Teynham ( ) is a large village and civil parish in the borough of Swale in Kent, England. The parish lies between the towns of Sittingbourne and Faversham, immediately north of the A2 road, and includes the hamlet of Conyer on an inlet of the Swale, the channel that separates mainland Kent from the Isle of Sheppey. Other hamlets include Deerton Street, Frognal, and Teynham Street. Teynham also has a carnival court. There is selections every year when girls from 14-18 can audition to be Miss Teynham or a Teynham princess.

The village has a railway station, served by Southeastern trains running between London Victoria and Dover.

Origin of name

Charters of 798 to 801 and Domesday Monachorum – a series of Domesday-related texts kept at Canterbury Cathedral – mention it as Teneham, Taenham, Tenaham and Tenham. In Domesday Book the name occurs as "Therham" (probably a clerical error).

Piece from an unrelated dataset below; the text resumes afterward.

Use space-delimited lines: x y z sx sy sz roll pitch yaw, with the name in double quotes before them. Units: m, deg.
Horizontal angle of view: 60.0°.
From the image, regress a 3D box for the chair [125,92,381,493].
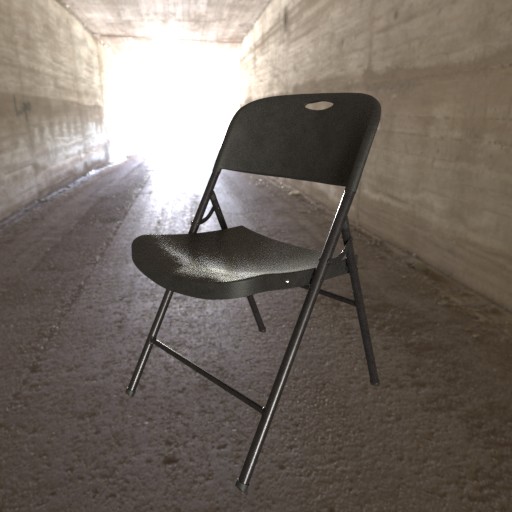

The historian JK Wallenberg (in 1931) suggests an Anglo-Saxon root, tynan, to enclose, followed by the Anglo-Saxon word "Hamm", a land drained by dykes. Another historian, Eilert Ekwall (in 1936), suggests an early owner named Teona, whose name is found in Teonanhyll in Berkshire.

In 1590, William Lambarde wrote his book Perambulation of Kent, in which Tenham is called the towne of ten houses. He also notes that in 1533, 105 acres of good ground in 'Brennet' (a former name of Tenham) were divided in ten parcels of land to grow fruit for King Henry.

J Harris, in his History of Kent (1719) calls it the "place of ten houses" (hams) but there must have been hundreds of places with 10 houses in Anglo-Saxon times.

It is also possibly "homestead of a man called Tena" or "homestead near the stream called Tene". Several other etymologies have been suggested.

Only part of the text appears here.